How to Find Birthstones

Now this is an exciting installment in this new book and is a topic that has always been close to my heart ever since I knew such a thing existed. Birthstones. Once my interest in Jewellery was triggered I started to wonder about Birthstones as being part of what one would need in order to make personal jewellery. So I went on the hunt for affordable sources.

Everyone loves jewellery and everyone likes to feel that they have something that is personal to them. And let’s face it, if you know the birthdays of your customers or just your friends, then it is always a great idea to find a personalized gift for them at gift giving time. And what better personalized gift could you pick up for them, but something that features their birthstone.

Not all birthstones are expensive – take for example opals. They are relatively cheap as compared to diamonds, rubies or emeralds. You can pick up opals of all hues and of course for varying prices as well. The ones that are dark in body tone are generally more expensive than those that are the lighter colours. There is a reason for this in that the darker bodied stones tend to be more brilliant in their display of colours. Black Opal would be the most expensive stone in this genre with prices coming in at more than $15000 Australian dollars per their carat weight.

There is the opportunity to buy simulated stones of course which would more than likely suit your budget better when you are a hobbyist Jewellery manufacturer. This just means that the stones are not genuine, but still have a pleasing aesthic appeal. When you use such stones, then it is important to make sure your customers do know that they are NOT the real thing. Many people are happy to have a simulated stone purely because of the price, but then you will always get the customers who would like the REAL stone and so you really need two sources of gemstones – one for simulated stones and the other for real stones.

Synthetic gemstones are grown in a laboratory and not in nature as are real stones. Manufacturers of synthetic stones use low cost materials to keep their prices as low as they can while enjoying a high production rate. While the results of these growths are still beautiful and often resemble the real thing, they are certainly nowhere near the beauty or value of the real made-in-nature stone.
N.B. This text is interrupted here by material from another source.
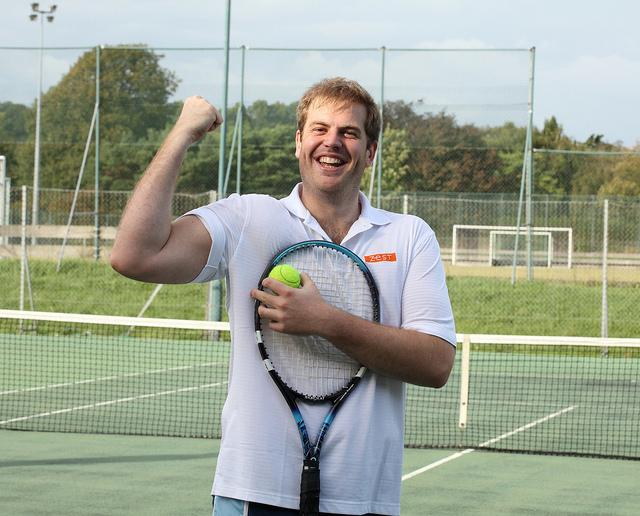What does the man show off here? Please explain your reasoning. bicep. The man has biceps.

Real gemstones are pieces of mineral crystals and come in a hard form as well as a soft mineral form. The soft mineral types are known for their sheen or other aesthetic value. The rarer the gemstone of course the more valuable it becomes. When such a crystal has been harvested, then they are cut and polished which allows their colours and shapes to be more enhanced for pieces of fine jewellery. Some jewellery pieces are made out of a certain rock such as lapis lazuli, or an organic material similar to a mineral but not quite – amber or jet.

Again the Internet is the best source for finding birthstones and because there are so many wholesale outlets that specialise in providing gemstones, whether simulated or real, the prices are usually very good in that they are very, very low. It is just your job to ensure the authenticity of the company to whom you wish to put your business their way. Make sure that what they advertise is what they advertise. Do not be fooled by real or fake. Do your homework.

Another thing to be careful of, is that with each order, you are absolutely sure that the stone you are using is exactly the birthstone you should be using to make the piece. Not being familiar with your market could cost you a lot of money. Each month is represented by a certain stone and it also depends on which tradition being followed.

I was fooled for a long while when I always thought that my birth stone was a peridot until one time I came across another birthstone being advertised in its place. I was quite upset, thinking that I had been led astray for many years, however, I found out that it all depends who is making the jewellery as to what their traditions are amongst their people.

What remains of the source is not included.